TRY IT
In the data below, find each line containing the string "image" and return it.

Records from a collection
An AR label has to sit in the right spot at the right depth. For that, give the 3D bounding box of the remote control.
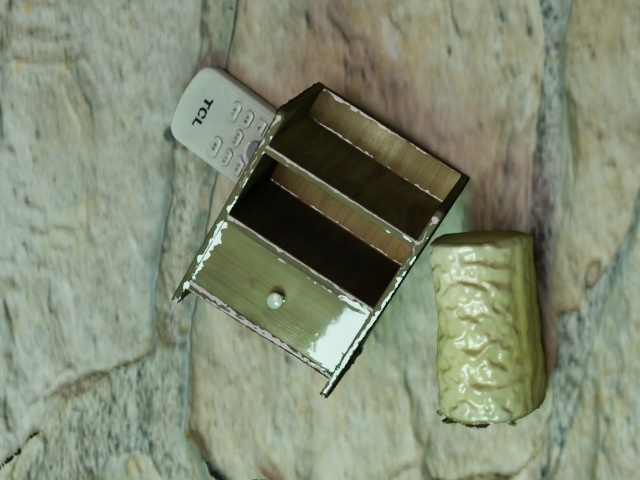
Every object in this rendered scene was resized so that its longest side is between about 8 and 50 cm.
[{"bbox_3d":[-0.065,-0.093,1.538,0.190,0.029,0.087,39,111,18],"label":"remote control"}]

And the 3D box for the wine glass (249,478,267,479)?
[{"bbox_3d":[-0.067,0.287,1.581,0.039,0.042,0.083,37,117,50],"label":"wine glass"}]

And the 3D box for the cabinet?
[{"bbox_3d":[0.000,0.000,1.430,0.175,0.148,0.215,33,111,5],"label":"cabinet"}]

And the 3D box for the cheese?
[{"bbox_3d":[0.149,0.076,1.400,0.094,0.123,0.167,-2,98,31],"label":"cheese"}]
* * *
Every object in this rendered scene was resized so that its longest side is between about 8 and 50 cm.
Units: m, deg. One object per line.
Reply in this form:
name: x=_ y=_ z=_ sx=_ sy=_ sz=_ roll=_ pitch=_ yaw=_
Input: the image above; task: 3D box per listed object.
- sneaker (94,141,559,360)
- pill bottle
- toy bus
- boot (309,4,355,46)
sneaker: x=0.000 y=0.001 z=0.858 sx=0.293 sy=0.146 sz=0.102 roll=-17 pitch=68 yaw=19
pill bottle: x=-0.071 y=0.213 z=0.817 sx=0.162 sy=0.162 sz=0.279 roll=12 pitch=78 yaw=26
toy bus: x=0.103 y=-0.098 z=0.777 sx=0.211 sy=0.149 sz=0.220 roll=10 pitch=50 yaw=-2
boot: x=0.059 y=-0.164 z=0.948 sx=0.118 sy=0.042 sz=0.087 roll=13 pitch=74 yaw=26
...
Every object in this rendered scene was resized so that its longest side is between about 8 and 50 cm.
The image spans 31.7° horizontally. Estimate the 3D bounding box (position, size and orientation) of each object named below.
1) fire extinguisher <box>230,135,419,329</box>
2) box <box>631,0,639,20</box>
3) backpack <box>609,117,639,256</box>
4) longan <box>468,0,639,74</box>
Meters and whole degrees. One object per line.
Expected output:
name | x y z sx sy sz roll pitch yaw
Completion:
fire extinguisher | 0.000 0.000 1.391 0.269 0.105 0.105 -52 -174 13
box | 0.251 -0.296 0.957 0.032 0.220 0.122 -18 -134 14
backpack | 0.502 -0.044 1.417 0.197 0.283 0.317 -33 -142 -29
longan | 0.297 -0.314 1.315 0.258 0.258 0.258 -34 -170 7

TASK SOLUTION
Input: the image above; task: 3D box per listed object.
The image spans 31.7° horizontally. Estimate the 3D bounding box (position, size and orientation) of each object named below.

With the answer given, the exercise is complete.